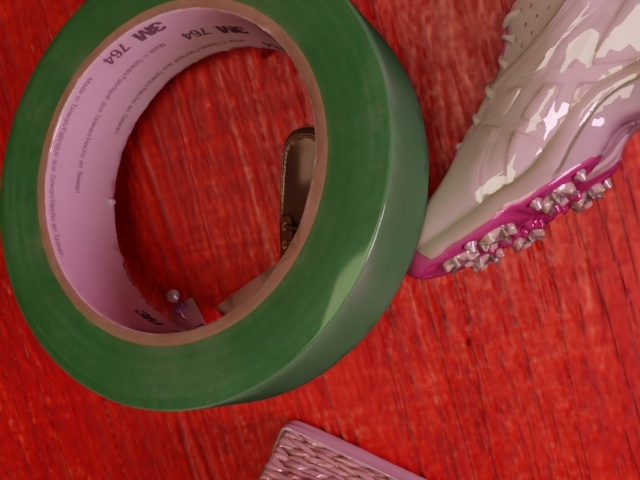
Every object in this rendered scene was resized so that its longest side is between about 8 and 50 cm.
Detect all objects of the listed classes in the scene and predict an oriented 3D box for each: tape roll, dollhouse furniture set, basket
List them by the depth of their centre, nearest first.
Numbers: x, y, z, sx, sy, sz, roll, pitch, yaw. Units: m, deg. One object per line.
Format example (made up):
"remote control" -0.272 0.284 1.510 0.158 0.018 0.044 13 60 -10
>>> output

·····

YOUR ASSIGNMENT: Reprint the listing above verbatim but drop the images.

WRITTEN SOLUTION:
Every object in this rendered scene was resized so that its longest side is between about 8 and 50 cm.
Detect all objects of the listed classes in the scene and predict an oriented 3D box for each: tape roll, dollhouse furniture set, basket
List them by the depth of their centre, nearest first.
Numbers: x, y, z, sx, sy, sz, roll, pitch, yaw. Units: m, deg. One object per line.
Format example (made up):
"remote control" -0.272 0.284 1.510 0.158 0.018 0.044 13 60 -10
>>> output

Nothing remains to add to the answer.